Selected Physical Data of 10
^¹H NMR (400 MHz, CDCl₃): δ = 1.32 (12 H, br s), 1.42 (4 H, quint, J = 7.2 Hz), 1.53 (8 H, quint, J = 3.4 Hz), 1.59 (4 H, quint, J = 7.0 Hz), 1.98-2.02 (8 H, br s), 2.28 (4 H, br m), 3.45-3.56 (8 H, m), 3.66 (2 H, dd, J = 11.4, 5.0 Hz), 3.73 (2 H, dd, J = 11.5, 4.1 Hz), 3.87 (2 H, quint, J = 4.7 Hz), 4.71 (4 H, br s). ESI-MS (TOF): m/z = 614 [M + Na⁺], 591 [M + H⁺].

Selected Physical Data of 11
^¹H NMR (400 MHz, CDCl₃): δ = 1.28 (12 H, br s), 1.40 (4 H, quint, J = 7.1 Hz), 1.51 (8 H, quint, J = 4.2 Hz), 1.96-1.99 (8 H, br m), 2.25 (4 H, br m), 2.42 (2 H, d, J = 4.6 Hz), 3.19 (4 H, qd, J = 7.6, 5.4 Hz), 3.40-3.54 (8 H, m), 3.94 (2 H, sext, J = 5.1 Hz), 4.69 (4 H, br m), 7.22 (6 H, t, J = 7.3 Hz), 7.29 (12 H, t, J = 7.3 Hz), 7.42 (12 H, d, J = 7.3 Hz). ESI-MS (TOF): m/z = 1098 [M + Na⁺].

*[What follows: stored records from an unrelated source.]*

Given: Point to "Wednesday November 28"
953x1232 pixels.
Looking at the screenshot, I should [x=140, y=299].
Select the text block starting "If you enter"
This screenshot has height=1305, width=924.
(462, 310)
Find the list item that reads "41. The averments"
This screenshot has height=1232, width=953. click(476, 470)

Procedure for the Preparation of 13
To a solution of Cu(OAc)₂ (314 mg, 1.73 mmol) in refluxing pyridine (100 mL), a solution of 12 (257 mg, 0.173 mmol) in pyridine (10 mL) was added dropwise with a syringe pump over 5.5 h. The solution gradually turned from blue to dark green. After completion of the addition the solution was heated at the same temperature for 1 h. The mixture was cooled to r.t. and evaporated to give a residue, which was purified on a silica gel column chromatography eluted with hexane-EtOAc (10:1) to give 13 as a yellow oil; yield 157 mg (61%).

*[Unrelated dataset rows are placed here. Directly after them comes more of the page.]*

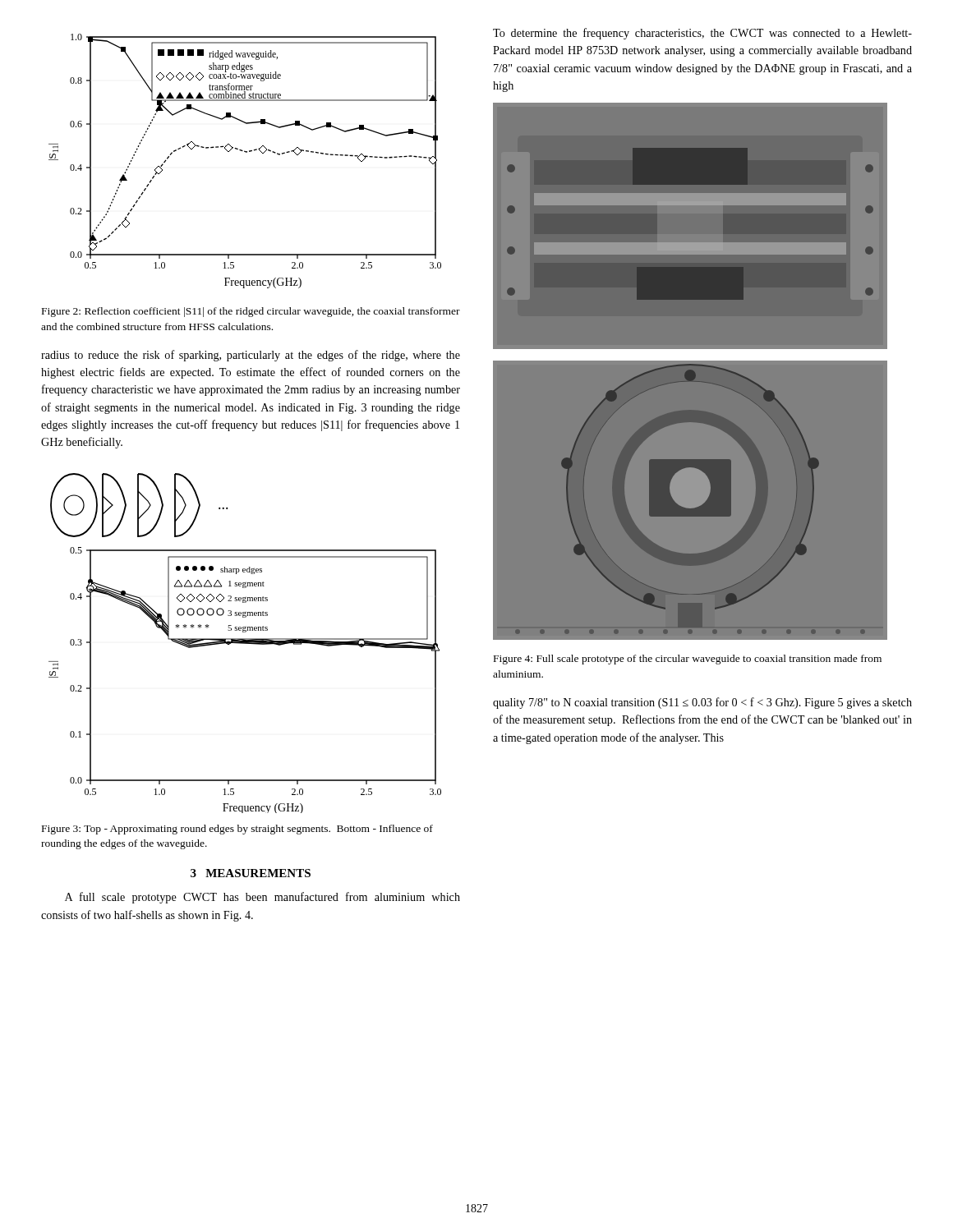Find the text starting "Figure 3: Top - Approximating"
The image size is (953, 1232).
[237, 836]
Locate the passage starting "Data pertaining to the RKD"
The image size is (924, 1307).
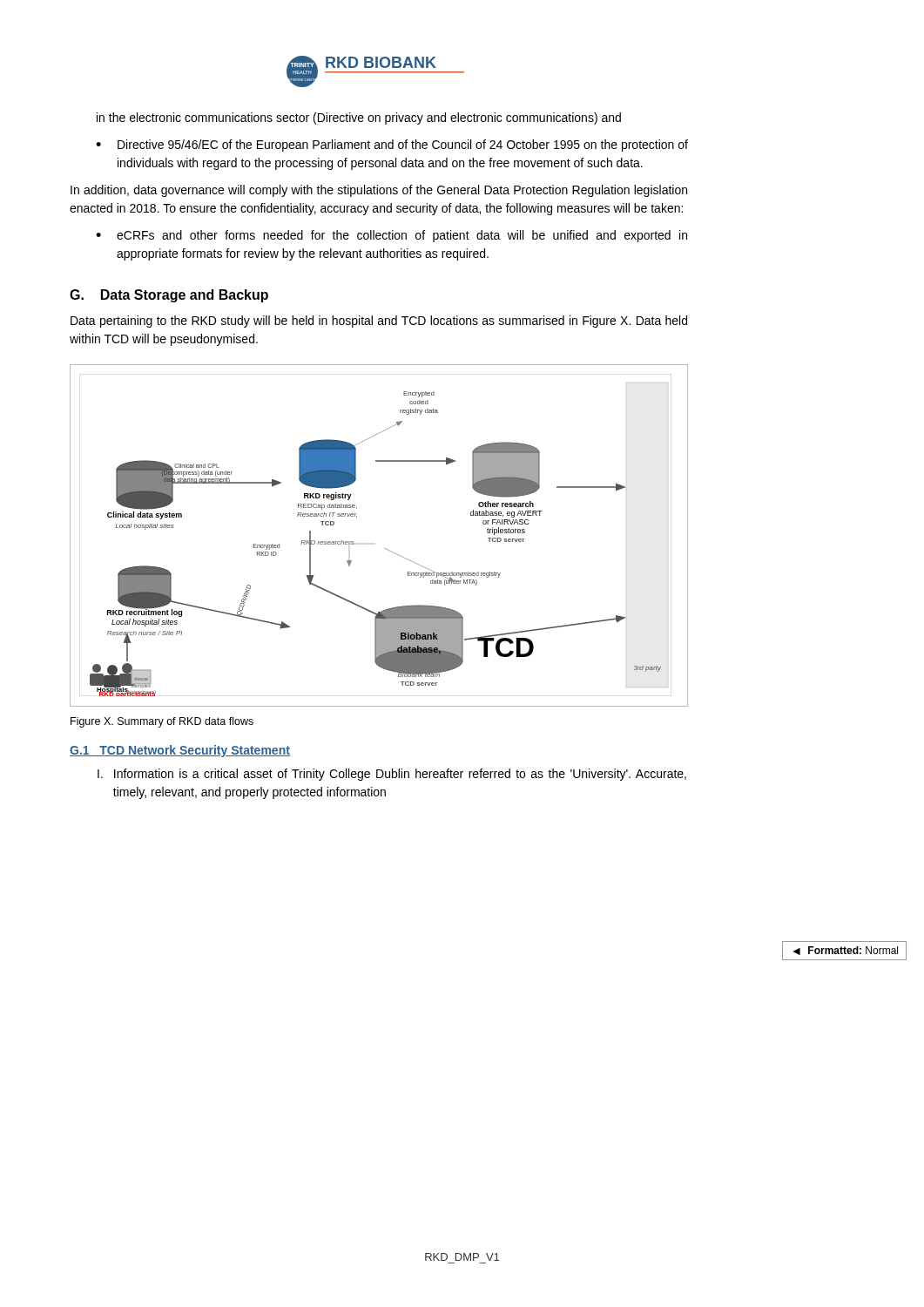(379, 330)

^¹H NMR (400 MHz, CDCl₃): δ = 1.28 (24 H, br s), 1.39 (8 H, br m), 1.51-1.57 (16 H, br m), 1.96-2.01 (16 H, m), 2.28 (br s, 8 H), 3.13-3.20 (4 H, br m), 3.39 (4 H, br t, J = 6.9 Hz), 3.45-3.58 (10 H, m), 4.68 (8 H, br s), 7.20 (6 H, t, J = 7.1 Hz), 7.27 (12 H, t, J = 7.3 Hz), 7.45 (12 H, d, J = 7.8 Hz). ESI-MS (TOF): m/z = 1505 [M + Na⁺].

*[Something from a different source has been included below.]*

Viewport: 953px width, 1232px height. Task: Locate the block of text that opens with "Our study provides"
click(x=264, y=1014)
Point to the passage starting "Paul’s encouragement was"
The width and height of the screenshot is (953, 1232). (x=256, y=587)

The sequence from 7 and glycerol moiety to 12 was altered from the one we previously reported for preparing a straight-chain analogue 1.^¹0,¹¹ At the step of the connection of chain moiety and protected glycerol in the previous study, we used 1-trityl-3-p-methoxybenzoyl-sn-glycerol, which was prepared by starting from 1,2-isopropylidene-sn-glycerol in three steps. Through this modification, several protection-deprotection steps could be omitted. The order in which the chains was introduced into the glycerol moiety was also changed. This change would cause an increase in the steric hindrance around the secondary hydroxy groups during the Williamson reaction sequence; however, the reaction proceeded without difficulties even though the yield of 12 was somewhat lower.

Purification of 2 was conduced on an LC-908 instrument (Japan Analytical Industries) equipped with a JAIGEL-GS310 column [eluent, CHCl₃-MeOH = 1:2 (v/v)].
Colorless gummy oil. ^¹H NMR (400 MHz, CDCl₃-CD₃OD = 2:1): δ = 1.30 (28 H, br s), 1.41 (12 H, br s), 1.52 (20 H, br s), 1.97-2.01 (16 H, t, J = 7.6 Hz), 2.27 (8 H, br m), 3.23 (18 H, s), 3.38-3.49 (6 H, m), 3.55-3.61 (12 H, m), 3.88 (4 H, br s), 4.25 (4 H, br s), 4.70 (8 H, br s). ESI-MS (TOF): m/z = 1350 [M + Na⁺], 1328 [M + H⁺].